Таким образом получается довольно парадоксальная эволюционная модель, в которой важную роль играют и мутации, и создаваемое ими генетическое разнообразие, и естественный отбор (остающийся единственным направленным фактором эволюции) — но при этом эволюционный процесс начинается с чисто фенотипических изменений, а генотип изменяется в последнюю очередь. С легкой руки ее основоположника Михаила Шишкина она получила название эпигенетической теории эволюции (ЭТЭ)
[198].
Возможен ли такой сценарий? Из того, что мы знаем о живых организмах, прямого запрета не следует. Другой вопрос, насколько он вероятен: он может сработать, лишь если внешние условия изменятся достаточно сильно, чтобы корректирующие механизмы онтогенеза не смогли погасить вносимые ими возмущения, но при этом не настолько сильно, чтобы просто погубить развивающегося зародыша. Однако, как мы видели, в принципе такое влияние необычных внешних условий возможно — и наверняка не раз случалось в необозримом разнообразии событий, происходивших с миллионами видов за миллиарды лет. Правда, различить это «задним числом» практически невозможно: даже если мы имеем достаточно полный ряд ископаемых форм, позволяющих нам с уверенностью восстановить ход тех или иных эволюционных изменений — как узнать, начались ли эти изменения с мутаций или с морфозов?

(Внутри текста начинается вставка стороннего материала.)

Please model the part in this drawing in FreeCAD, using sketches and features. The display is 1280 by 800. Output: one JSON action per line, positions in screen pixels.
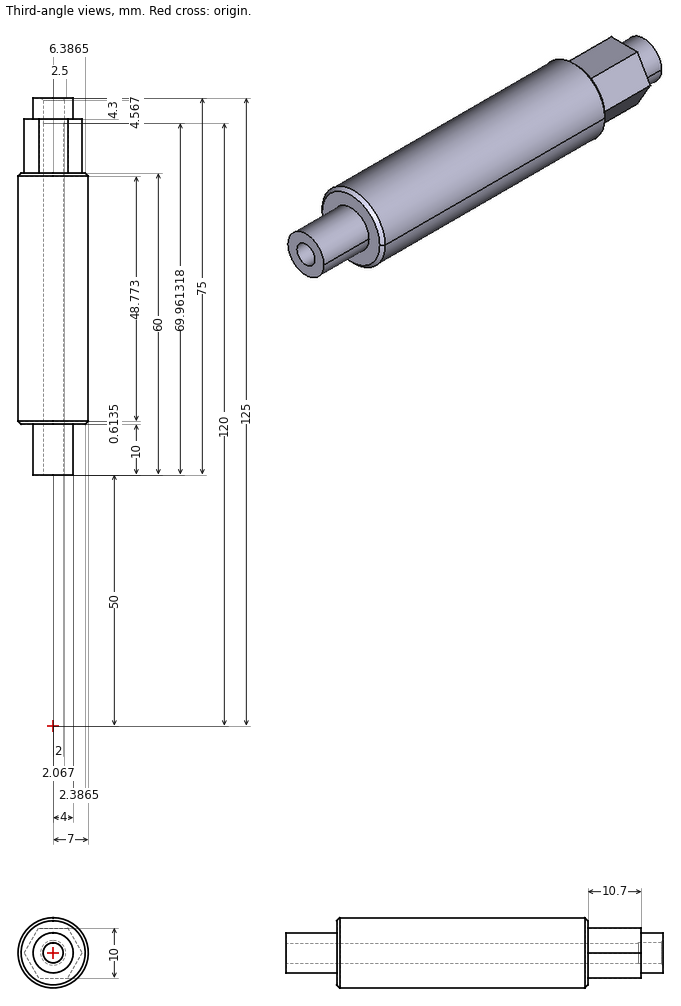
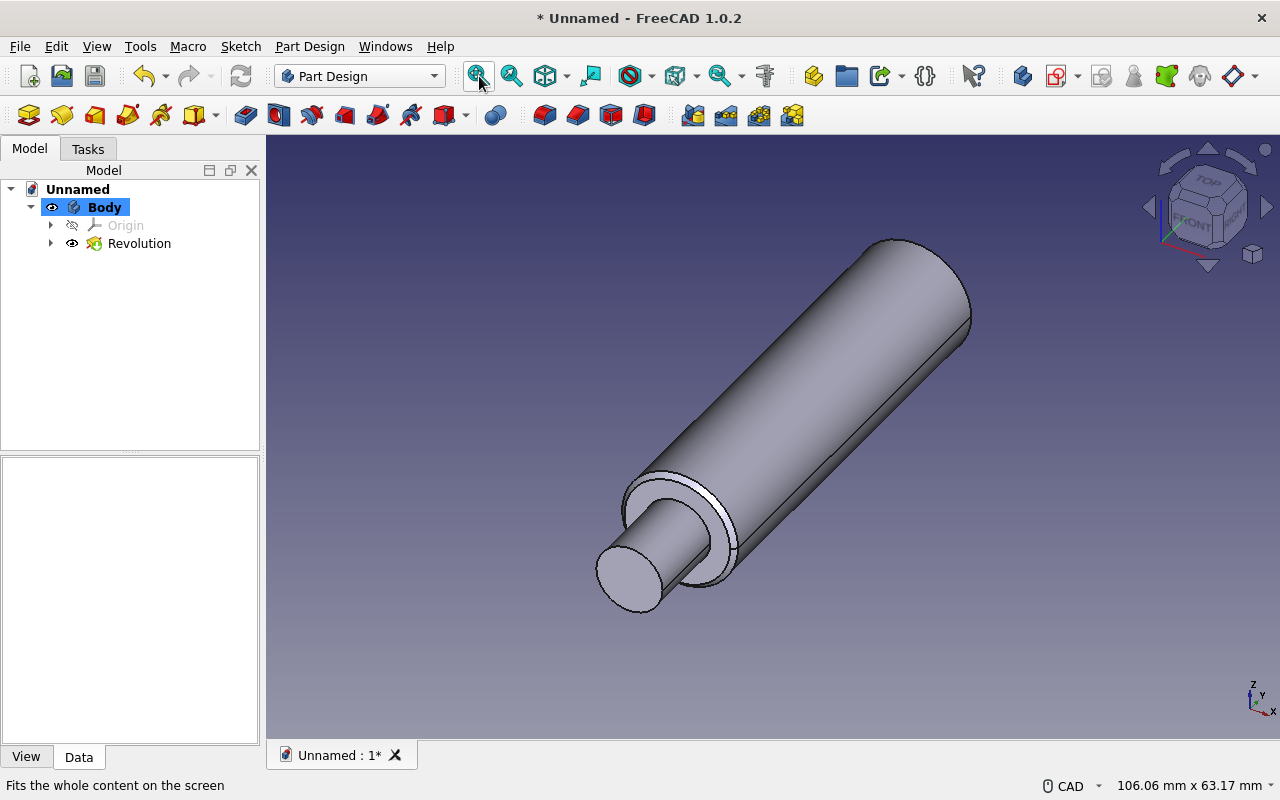
{"action": "key", "text": "4"}

Сегодня исследователям иногда удается наблюдать эволюцию, что называется, в режиме реального времени. Однако это возможно почти исключительно для достаточно простых признаков или/и на организмах с быстрой сменой поколений. Между тем модель ЭТЭ описывает изменение сложных структур путем «перевода стрелок» по ходу достаточно сложного (а значит — более-менее длительного) онтогенеза. Чтобы увидеть такое в природе, нужно «поймать» популяцию тех или иных организмов в самом начале процесса, когда в очередном поколении вдруг начнут необычайно часто появляться особи с разнообразными и необычными признаками; убедиться, что это именно морфозы, а не проявления мутаций, а затем на протяжении многих поколений наблюдать за тем, как некоторые из этих изменений будут встречаться все чаще и чаще, — и параллельно смотреть, как меняется генотип их обладателей по сравнению с исходной видовой нормой. Даже при самом благоприятном стечении обстоятельств на такую работу уйдет вся научная жизнь ученого — при том, что какой-либо интересный результат ничем не гарантирован.

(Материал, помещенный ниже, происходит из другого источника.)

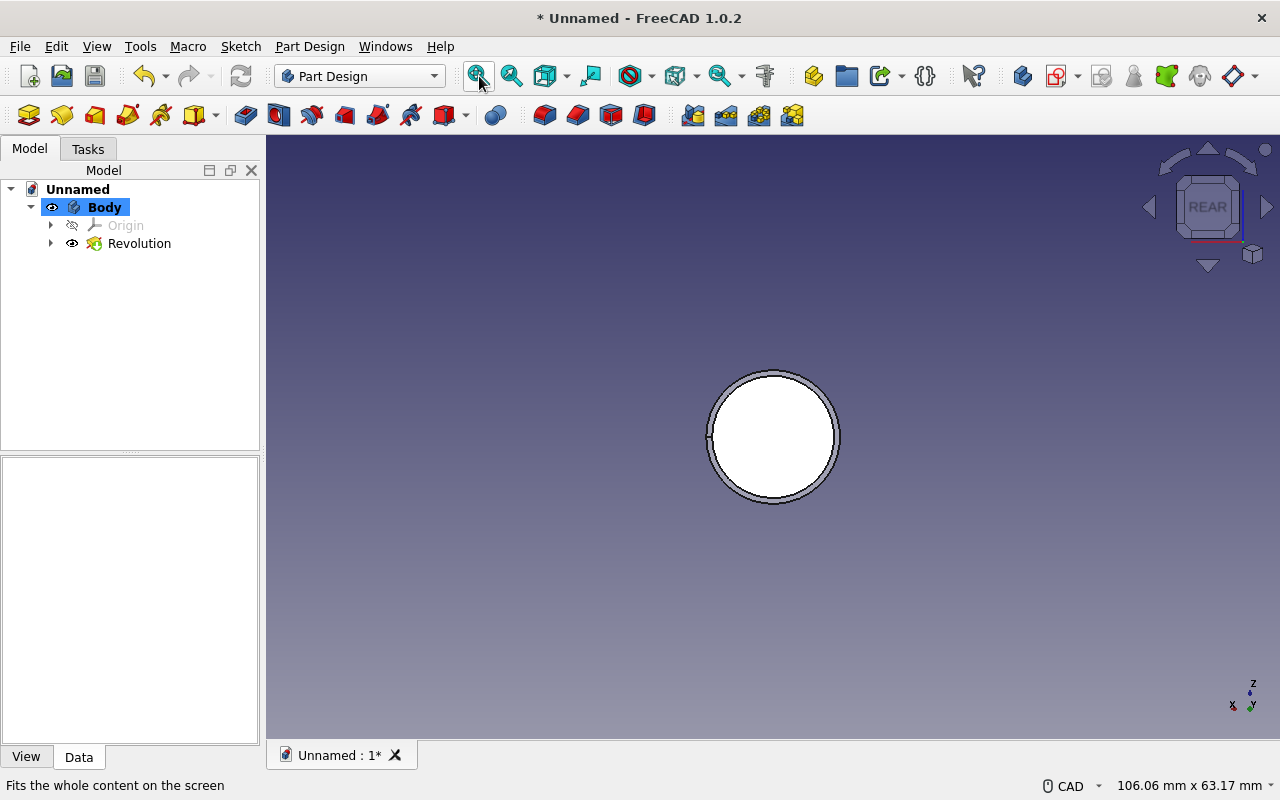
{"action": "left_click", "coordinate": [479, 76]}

Пока что подобный сизифов труд никто не проделал — и потому конкретные примеры эволюции «по ЭТЭ» остаются уязвимым местом теории. Даже в тех немногих случаях, где наблюдается нечто похожее на теоретические схемы ЭТЭ, начальная дестабилизация онтогенеза происходит не по механизму не затрагивающих генотип морфозов, а за счет мутаций
[199]. Да и вообще за три десятилетия своего существования ЭТЭ не смогла предложить сколько-нибудь развитой исследовательской программы — таких экспериментов или/и наблюдений, которые позволили бы подтвердить или опровергнуть ее теоретические положения. Возможно, поэтому известность ЭТЭ сегодня ограничена русскоязычным исследовательским сообществом, да и в нем эту теорию разделяет явное меньшинство.